For each trial, we compared data for each outcome between the protocol and the clinical study report, within the clinical study report, and between the clinical study report and publicly available data (journal trial report or trial registry report, or both), for consistency and, when applicable, completeness of reporting.

One researcher (EM) assessed completeness of reporting. The primary efficacy analysis was considered to be fully reported if scale, effect size for each group, measure of precision or variability, time point, type of analysis, and analysis population were provided, as described above. For major harms, the reporting of the number of patients and number of events was considered separately. In both instances, the phase (for example, randomised phase, placebo lead-out phase) and the number for each group needed to be reported. For treatment emergent adverse events, and for adverse events that emerged on discontinuation of study drug, the number of patients and number of events were also considered separately. The number of patients experiencing at least one treatment emergent adverse event, the number of patients experiencing at least one adverse event that emerged on discontinuation, and the frequency of each named event needed to be reported. Outcomes were considered incompletely reported if any of the aforementioned elements was missing, if only adverse events that met a threshold (such as an incidence of ≥5%) were reported, or if only a qualitative statement was provided. If there were no data, either qualitative or quantitative, the outcome was considered to be unreported. We define publication bias as preferential publication of trial reports with positive findings.

Results

The nine trials we included were all placebo controlled. To avoid confusion, we have called them trials 1 to 9, as their official names were similar (table). A total of 2878 patients entered the trials; the largest one (trial 9) recruited 533 patients.

The randomised phase lasted eight to nine weeks in all trials, apart from one in which it lasted 26 weeks (trial 9). Trials 1-6 had a one week placebo lead-in phase before randomisation, trials 7 and 8 had no lead-in, and in trial 9 all patients were openly treated with duloxetine in a 12 week lead-in phase. In trials 5 and 6, those who responded continued taking the randomised treatment for another 26 weeks. The dates of protocols, including any amendments, for eight trials were before the reported date of enrolment of the first patient (table 1). For trial 9 there was one minor protocol amendment (an additional telephone call) made after the first patient was enrolled.

Our searches of the published literature identified 1578 unique references. For six trials, we found one journal article for each trial; for trial 9, we found three articles that reported on the different phases of this trial, and for trials 2 and 3, we found no journal articles.

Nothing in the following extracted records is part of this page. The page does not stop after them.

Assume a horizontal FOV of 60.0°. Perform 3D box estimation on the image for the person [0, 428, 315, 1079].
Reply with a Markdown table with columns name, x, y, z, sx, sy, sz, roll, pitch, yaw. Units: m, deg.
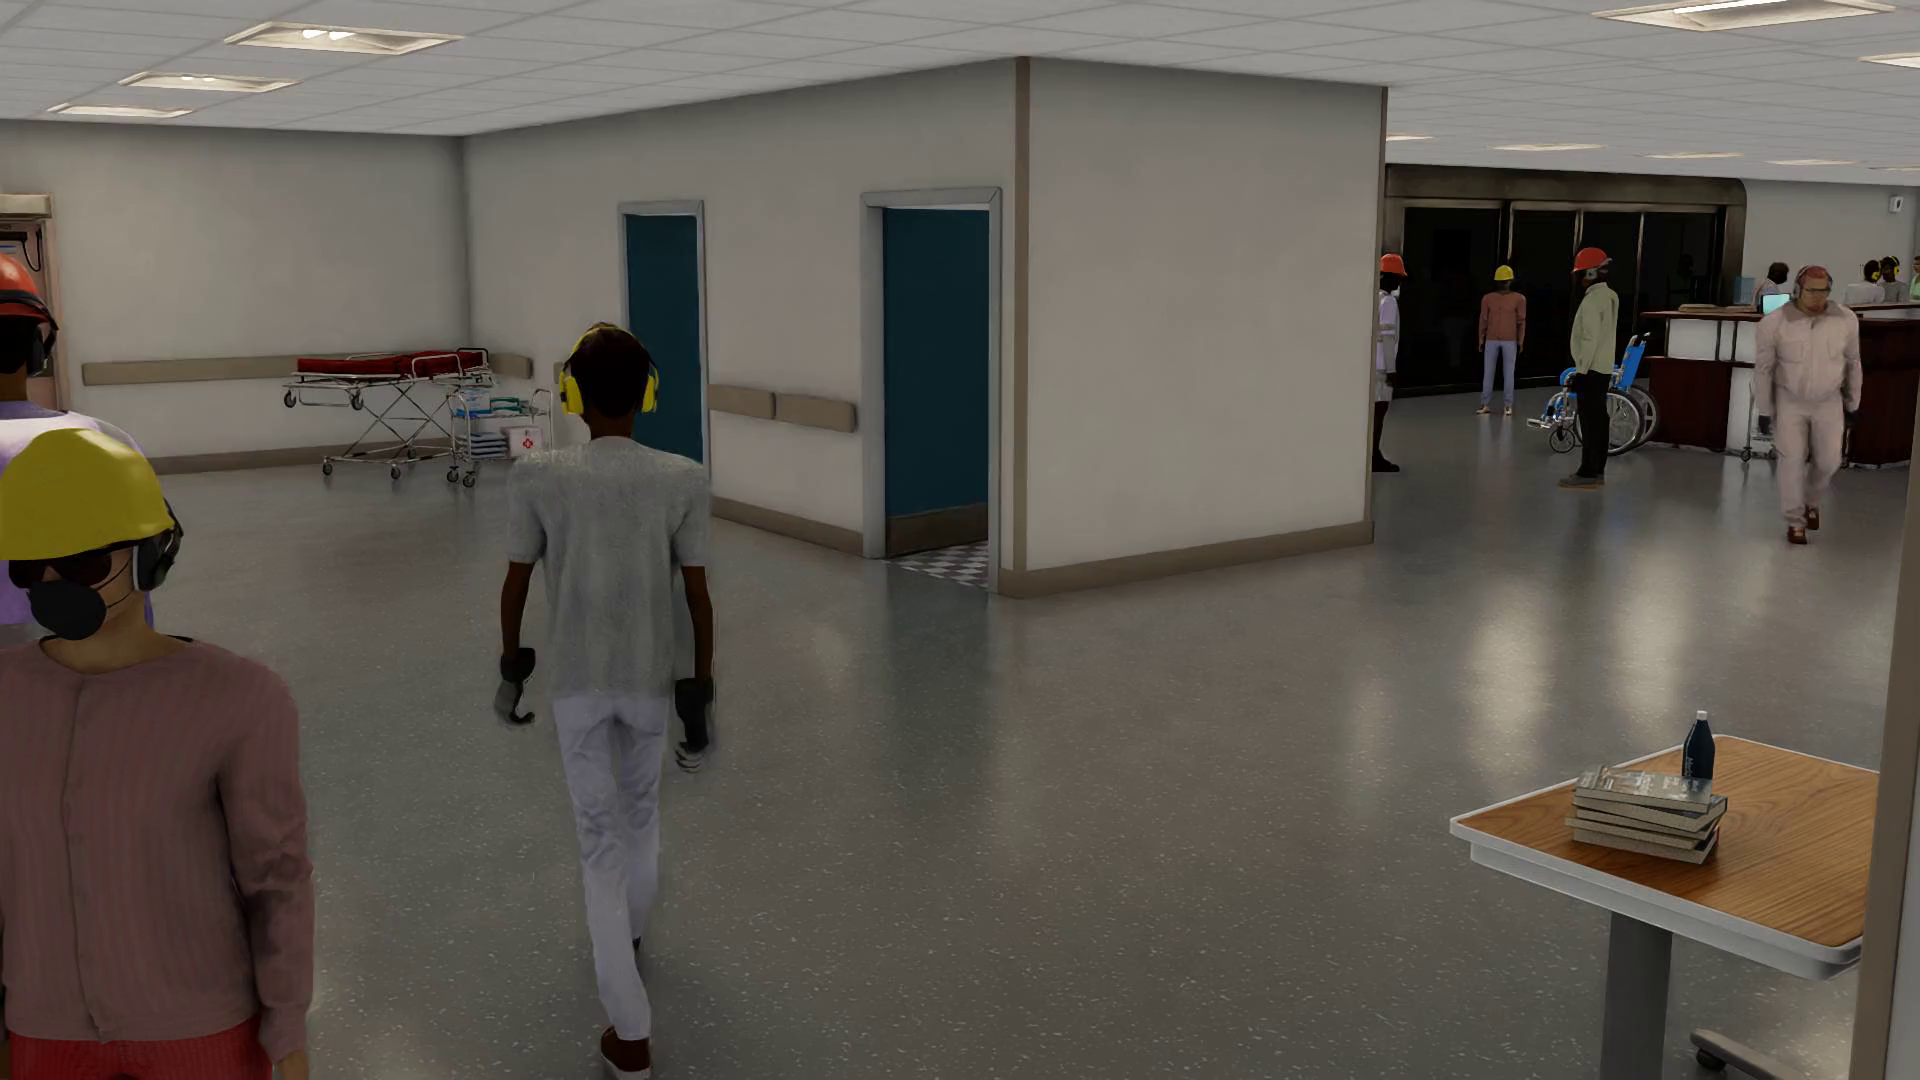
| name | x | y | z | sx | sy | sz | roll | pitch | yaw |
| --- | --- | --- | --- | --- | --- | --- | --- | --- | --- |
| person | -1.219 | 0.714 | 2.454 | 0.523 | 1.769 | 0.323 | 0 | 10 | -2 |

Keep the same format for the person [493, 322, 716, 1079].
| name | x | y | z | sx | sy | sz | roll | pitch | yaw |
| --- | --- | --- | --- | --- | --- | --- | --- | --- | --- |
| person | -0.914 | 0.362 | 4.270 | 0.529 | 1.821 | 0.979 | -4 | 11 | -21 |

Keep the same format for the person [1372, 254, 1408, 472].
| name | x | y | z | sx | sy | sz | roll | pitch | yaw |
| --- | --- | --- | --- | --- | --- | --- | --- | --- | --- |
| person | 3.757 | -1.565 | 14.771 | 0.390 | 1.929 | 0.545 | -1 | 10 | -6 |

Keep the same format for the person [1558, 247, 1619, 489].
| name | x | y | z | sx | sy | sz | roll | pitch | yaw |
| --- | --- | --- | --- | --- | --- | --- | --- | --- | --- |
| person | 5.211 | -1.415 | 13.764 | 0.393 | 1.986 | 0.610 | 8 | 13 | 36 |

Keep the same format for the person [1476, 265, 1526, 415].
| name | x | y | z | sx | sy | sz | roll | pitch | yaw |
| --- | --- | --- | --- | --- | --- | --- | --- | --- | --- |
| person | 6.386 | -2.351 | 19.632 | 0.531 | 1.765 | 0.327 | 5 | 11 | 27 |

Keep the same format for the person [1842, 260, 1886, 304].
| name | x | y | z | sx | sy | sz | roll | pitch | yaw |
| --- | --- | --- | --- | --- | --- | --- | --- | --- | --- |
| person | 11.057 | -2.521 | 20.450 | 0.960 | 1.813 | 0.542 | -5 | 11 | -28 |

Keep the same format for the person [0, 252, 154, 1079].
| name | x | y | z | sx | sy | sz | roll | pitch | yaw |
| --- | --- | --- | --- | --- | --- | --- | --- | --- | --- |
| person | -1.959 | 0.409 | 3.450 | 0.407 | 2.029 | 0.608 | 4 | 11 | 23 |

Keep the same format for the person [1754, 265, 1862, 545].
| name | x | y | z | sx | sy | sz | roll | pitch | yaw |
| --- | --- | --- | --- | --- | --- | --- | --- | --- | --- |
| person | 5.711 | -0.911 | 11.250 | 0.690 | 1.875 | 0.534 | 2 | 10 | 12 |

Only trial 9 was registered on www.clinicaltrials.gov, but no results were posted. All trials had a report on Lilly’s publicly available clinical trial registry, and, with one exception, these reports had a later approval date than the publication date of the journal article reporting the trial.

The table shows the characteristics of the clinical study reports (mean length 1525 pages), journal articles (mean 10 pages), and Lilly trial registry reports (mean 33 pages).

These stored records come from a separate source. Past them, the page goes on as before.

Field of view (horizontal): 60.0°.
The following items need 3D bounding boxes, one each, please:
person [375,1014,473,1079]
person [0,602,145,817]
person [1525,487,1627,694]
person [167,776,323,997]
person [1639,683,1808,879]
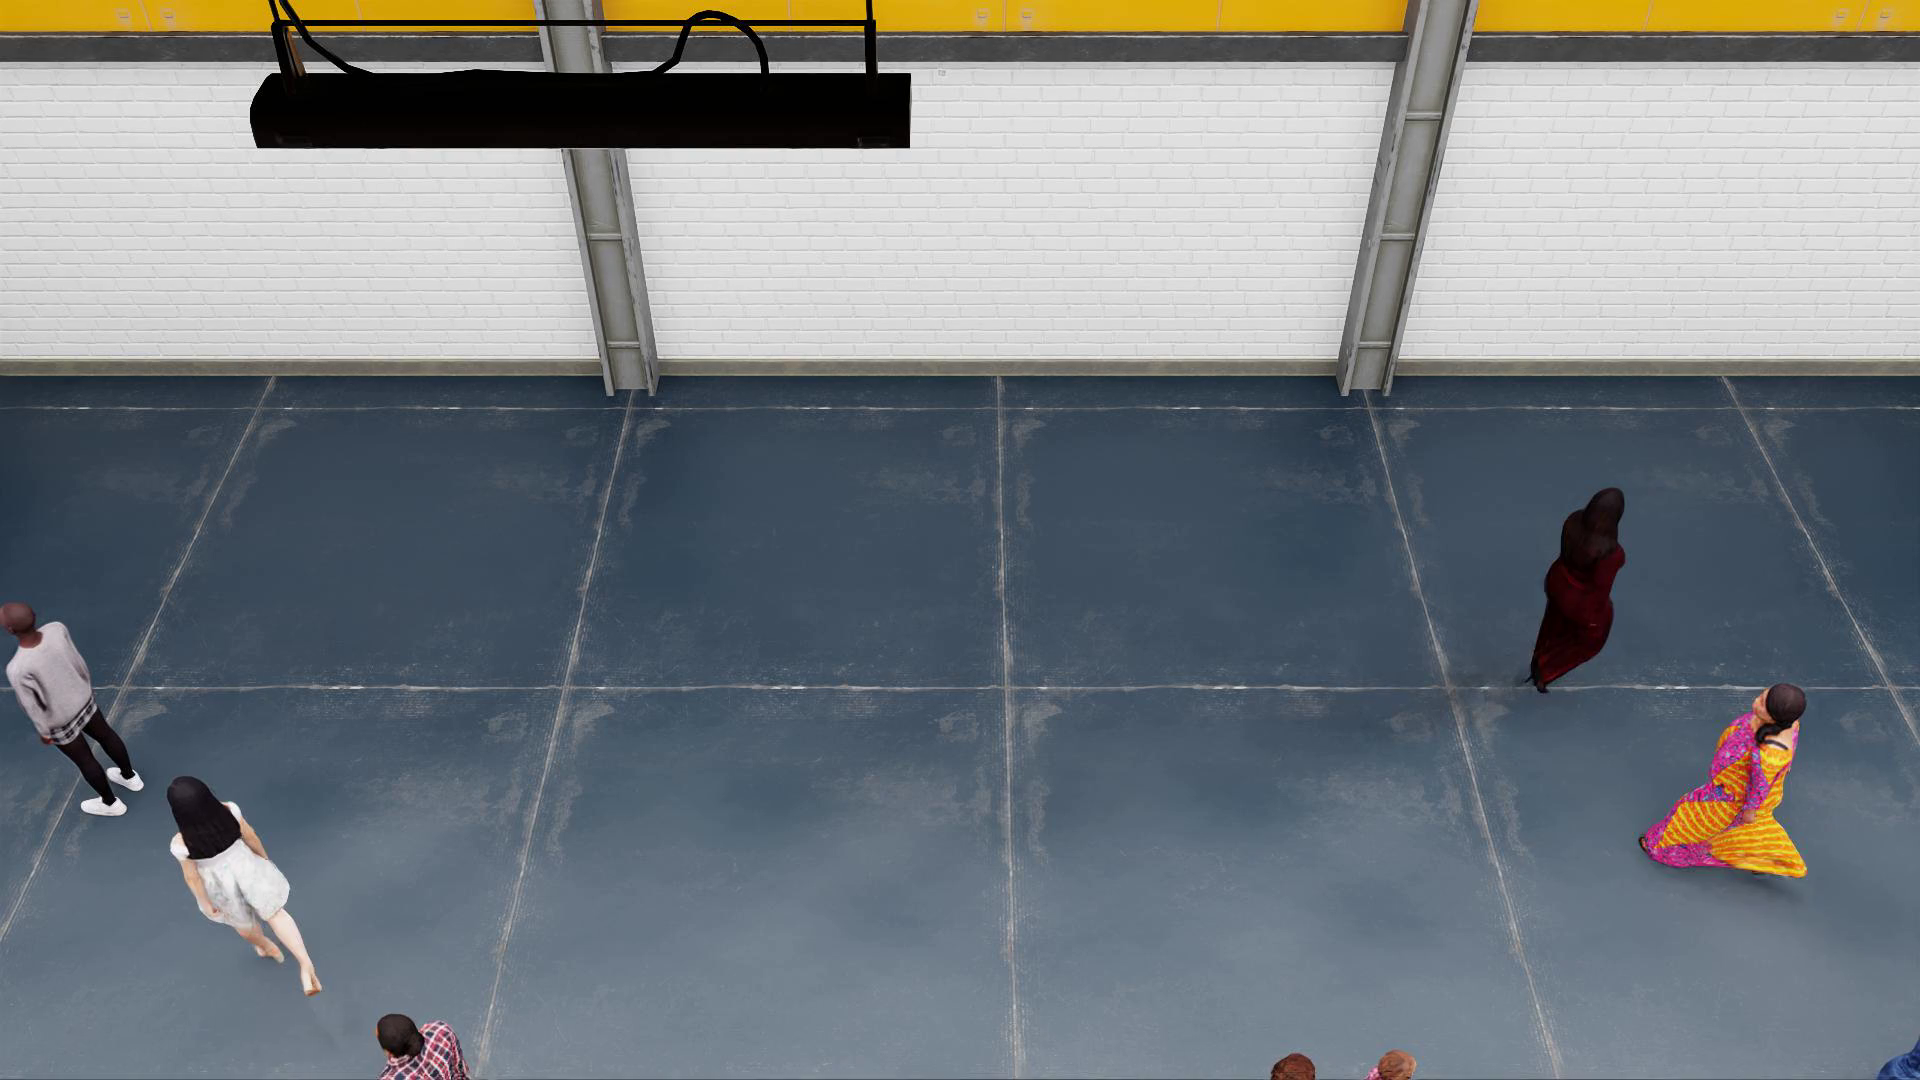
[{"bbox_3d":[-2.504,2.835,8.095,1.003,1.745,0.896,18,47,18],"label":"person"},{"bbox_3d":[-5.359,1.004,9.997,0.626,1.772,0.667,10,45,11],"label":"person"},{"bbox_3d":[3.885,0.377,10.674,0.791,1.746,0.775,-12,45,-13],"label":"person"},{"bbox_3d":[-3.890,1.928,9.043,1.068,1.751,0.984,31,52,29],"label":"person"},{"bbox_3d":[4.628,1.417,9.658,1.235,1.643,1.025,22,48,21],"label":"person"}]

Inconsistencies between protocols and clinical study reports

All protocols specified only one primary outcome and type of analysis. For two trials (trials 1 and 2), the protocols did not provide information on the analysis population (for example, intention to treat, subgroup, per protocol) but stated that this information was described in appendices, which, however, were not in the possession of the EMA.

The primary outcome and type of analysis used were consistent between protocols and clinical study reports. For one of seven trials with information in the protocol on analysis population, there were inconsistencies between the protocol (subgroup of patients with negative results on urine drug screen) and the clinical study report, which itself was internally inconsistent (intention to treat versus all randomly assigned patients with at least one follow-up after baseline). We considered these inconsistencies to be minor, however, as the number of patients differed by only 0.3% and 3%, respectively.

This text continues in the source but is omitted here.